Через ее тоску пробилась строчка из Леонарда Коэна, что-то насчет будущего и грядущего убийства.
Тут ты прав, грек.[21]
Она села в двухэтажный автобус номер «36» и на втором ярусе доехала до Паддингтонского вокзала. В крови ее бурлил алкоголь. Кондуктор тоже был черным; он сказал, растягивая слова:
— Просто заглядение.
Она улыбнулась, после чего кондуктор осмелел.
— Не хошь выпить после моей смены? — предложил он.
Она одарила его взглядом а-ля Рейлтон-роуд, и кондуктор быстро ретировался.
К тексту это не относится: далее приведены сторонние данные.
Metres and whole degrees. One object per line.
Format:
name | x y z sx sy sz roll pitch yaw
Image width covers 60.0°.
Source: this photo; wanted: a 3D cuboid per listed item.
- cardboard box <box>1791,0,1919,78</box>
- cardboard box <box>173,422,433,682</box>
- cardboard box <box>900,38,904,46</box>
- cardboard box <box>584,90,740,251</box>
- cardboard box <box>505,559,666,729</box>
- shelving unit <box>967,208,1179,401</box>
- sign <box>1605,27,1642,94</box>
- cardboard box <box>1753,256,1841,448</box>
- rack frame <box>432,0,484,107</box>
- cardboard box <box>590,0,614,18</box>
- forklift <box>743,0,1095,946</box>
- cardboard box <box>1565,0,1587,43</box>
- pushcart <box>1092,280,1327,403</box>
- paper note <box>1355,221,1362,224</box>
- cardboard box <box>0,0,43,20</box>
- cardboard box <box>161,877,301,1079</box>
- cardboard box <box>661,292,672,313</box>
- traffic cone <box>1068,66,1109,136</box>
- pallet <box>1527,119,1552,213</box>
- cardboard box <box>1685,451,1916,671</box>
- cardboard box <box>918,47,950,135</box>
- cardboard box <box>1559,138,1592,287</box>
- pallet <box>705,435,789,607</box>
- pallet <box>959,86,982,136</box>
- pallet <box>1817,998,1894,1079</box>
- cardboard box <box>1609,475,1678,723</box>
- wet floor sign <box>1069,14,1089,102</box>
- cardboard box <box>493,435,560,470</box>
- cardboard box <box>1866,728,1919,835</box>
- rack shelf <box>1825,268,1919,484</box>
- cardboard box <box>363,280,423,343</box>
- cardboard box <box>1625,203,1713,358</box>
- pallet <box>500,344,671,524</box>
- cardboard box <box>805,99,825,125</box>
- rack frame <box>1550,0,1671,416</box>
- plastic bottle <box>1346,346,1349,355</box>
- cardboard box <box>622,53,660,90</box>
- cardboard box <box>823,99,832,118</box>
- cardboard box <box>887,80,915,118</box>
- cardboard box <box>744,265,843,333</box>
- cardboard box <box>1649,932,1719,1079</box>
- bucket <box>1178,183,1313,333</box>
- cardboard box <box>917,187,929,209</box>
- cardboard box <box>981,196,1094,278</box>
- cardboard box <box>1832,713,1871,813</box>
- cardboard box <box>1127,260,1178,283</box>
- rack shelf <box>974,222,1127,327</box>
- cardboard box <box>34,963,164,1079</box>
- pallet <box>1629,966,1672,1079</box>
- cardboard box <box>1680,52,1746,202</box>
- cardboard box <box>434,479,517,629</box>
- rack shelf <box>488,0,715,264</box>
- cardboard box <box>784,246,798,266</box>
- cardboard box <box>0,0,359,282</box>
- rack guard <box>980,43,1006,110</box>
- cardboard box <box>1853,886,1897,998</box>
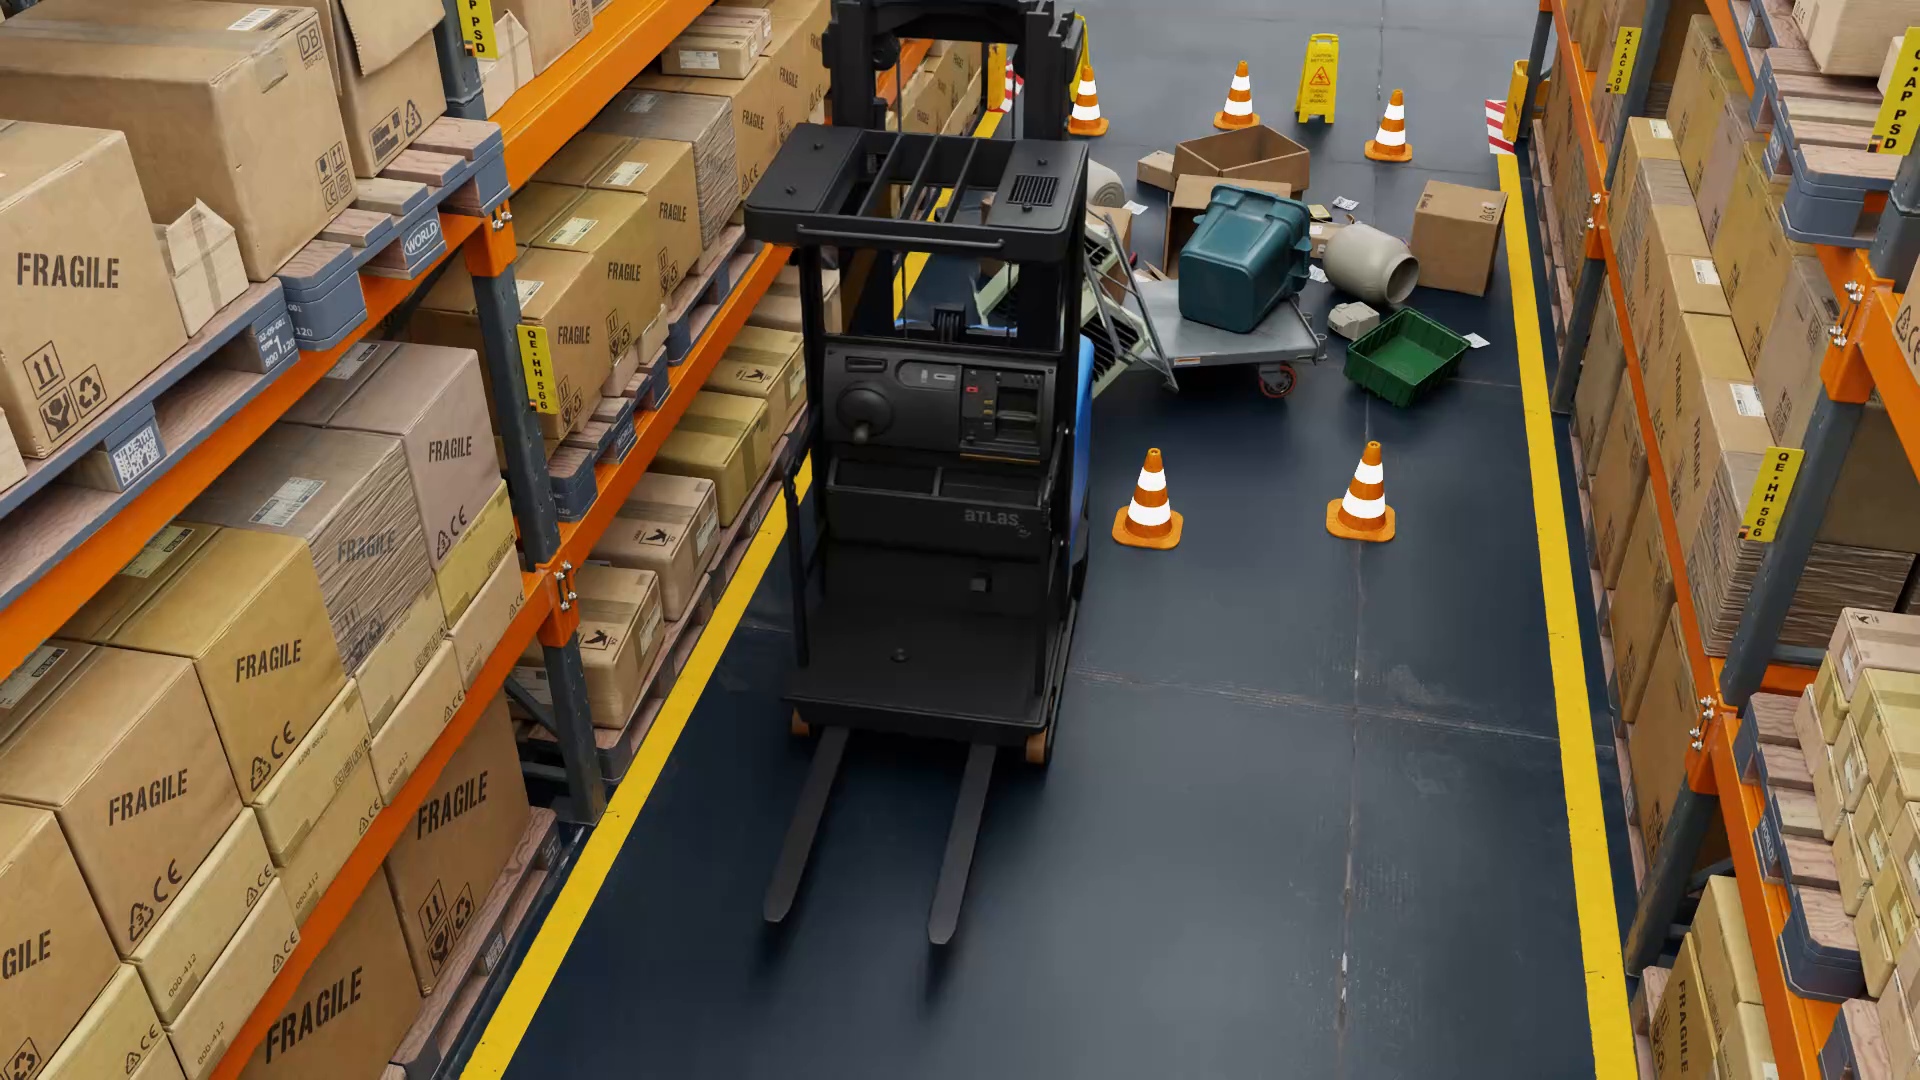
cardboard box | 2.855 -1.621 5.007 0.500 0.311 0.500 7 37 10
cardboard box | -1.889 0.021 4.727 0.500 0.500 0.500 8 37 11
cardboard box | -0.554 -3.091 10.173 0.380 0.149 0.250 7 37 10
cardboard box | -1.284 -1.608 7.216 0.500 0.500 0.500 6 36 8
cardboard box | -1.802 0.414 7.005 0.950 0.372 0.625 5 36 7
shelving unit | 0.547 -1.085 8.587 0.431 0.755 1.500 25 34 -32
sign | 3.237 -2.340 8.117 0.100 0.325 0.005 7 37 10
cardboard box | 3.138 -0.587 5.566 0.700 0.500 0.500 7 36 9
rack frame | -1.932 -2.587 4.151 1.000 3.000 0.127 7 37 10
cardboard box | -1.634 -2.292 6.212 0.797 0.503 0.637 7 37 10
forklift | -0.119 -0.480 6.415 1.130 2.935 3.031 6 36 8
cardboard box | 4.261 -3.401 10.258 0.875 0.550 0.550 7 37 10
pushcart | 1.160 -1.132 9.490 1.648 0.377 0.936 -5 36 -6
paper note | 2.658 -2.119 11.165 0.032 0.001 0.123 28 44 33
cardboard box | -5.578 -3.333 10.208 0.500 0.500 0.500 6 36 9
cardboard box | -2.085 1.103 4.300 0.500 0.250 0.500 7 36 9
cardboard box | -1.430 -1.001 6.931 0.380 0.149 0.250 9 37 13
traffic cone | 0.945 -3.309 12.421 0.336 0.463 0.334 7 37 10
pallet | 4.540 -2.584 11.636 1.003 0.211 1.213 7 37 10
cardboard box | 2.759 0.072 5.509 0.500 0.500 0.500 7 37 10
cardboard box | -0.363 -3.024 11.213 0.500 0.500 0.500 6 36 9
cardboard box | 4.171 -2.067 9.999 0.875 0.875 0.875 8 37 10
pallet | -1.501 -0.174 8.310 1.003 0.211 1.213 7 37 10
pallet | -0.448 -3.110 12.361 1.003 0.211 1.213 7 37 10
pallet | 2.542 1.623 3.619 1.003 0.211 1.213 7 37 10
cardboard box | 3.327 0.306 6.831 1.050 0.750 0.750 8 37 11
wet floor sign | 0.862 -3.766 12.896 0.267 0.644 0.232 20 41 26
cardboard box | -1.681 -0.389 6.087 0.380 0.149 0.250 5 36 7
cardboard box | 2.526 0.631 4.173 0.380 0.149 0.250 7 37 10
rack shelf | 2.498 0.628 2.884 1.077 0.370 4.000 7 37 10
cardboard box | -2.107 -0.784 6.079 0.500 0.500 0.500 6 36 9
cardboard box | 3.188 -1.085 7.106 0.500 0.500 0.500 7 37 10
pallet | -1.884 -0.502 6.550 1.213 0.211 1.003 7 37 10
cardboard box | -0.918 -2.190 8.571 0.380 0.149 0.250 8 37 11
rack frame | 3.780 -1.888 8.299 1.000 3.000 0.127 7 37 10
plastic bottle | 2.364 -1.046 9.641 0.133 0.061 0.283 -11 37 -14
cardboard box | -1.683 -1.980 7.729 0.500 0.500 0.500 7 37 10
cardboard box | -0.697 -2.490 9.343 0.380 0.149 0.250 7 37 10
cardboard box | -0.495 -2.737 10.264 0.380 0.149 0.250 9 37 12
cardboard box | -1.187 -1.256 9.308 0.950 0.372 0.625 8 37 11
cardboard box | 2.525 1.621 5.230 0.500 0.500 0.500 6 36 8
bucket | 1.556 -1.545 9.320 0.726 0.611 0.620 20 51 26
cardboard box | -0.474 -2.424 11.024 0.500 0.250 0.500 7 36 9
cardboard box | 0.480 -1.884 10.421 0.500 0.500 0.500 -24 42 -30
cardboard box | 2.570 0.624 4.436 0.380 0.149 0.250 9 37 12
cardboard box | 1.193 -1.542 10.151 0.258 0.266 0.396 -17 39 -22
rack shelf | 0.485 -1.358 8.858 0.431 0.720 0.370 25 34 -32
cardboard box | -2.199 1.189 3.756 0.500 0.250 0.500 8 37 11
pallet | 2.757 1.982 5.336 1.003 0.211 1.213 7 37 10
cardboard box | 3.571 -1.753 7.176 0.700 0.500 0.500 7 36 9
cardboard box | -1.787 0.010 5.382 0.500 0.250 0.500 7 37 10
rack shelf | -1.505 -2.228 6.824 1.077 0.370 4.000 7 37 10
cardboard box | -1.214 -1.880 10.273 0.500 0.250 0.500 9 37 12
cardboard box | -1.958 -0.991 4.063 0.700 0.500 0.500 6 36 8
rack guard | -0.240 -3.688 12.913 1.175 0.500 0.348 7 37 10
cardboard box | 2.462 1.031 4.127 0.380 0.149 0.250 9 37 12

Паб «Руки лесоруба» был почти приличным заведением. Моряки, туристы, яппи — не самый худший вариант. Портер сидел за угловым столиком, на котором уже стояла выпивка. Портер встал и сказал:
— Настоящая красотка.
Потом обнял ее, что заставило несколько голов повернуться, — но Фоллз было на это наплевать. Она сказала:
— Дай я на тебя посмотрю.
Портер сделал шаг назад; на нем был бежевый пиджак, белая рубашка с расстегнутым воротом, синие брюки, полицейские ботинки. Почему-то мужики все время носят эти ботинки.
— Пиджак дерьмовый, — констатировала она.
— В «ГЭПе» покупал.
— Без разницы.
Они чувствовали себя отлично в обществе друг друга. Она подняла маленькую рюмку, понюхала и поморщилась. Он сказал:
— Текила.
— А у тебя?
— Виски.
Они чокнулись, пригубили, после чего Портер вынул из кармана пачку тонких сигарет с ментолом и большую зажигалку. Фоллз сказала:
— Одно к другому не подходит.
Портеру понравилось ее замечание.
— А мне нравится. — Он улыбнулся. — Ментол — для тех, кто легок на подъем, а зажигалка от Молодежной христианской организации — в порядке шутки.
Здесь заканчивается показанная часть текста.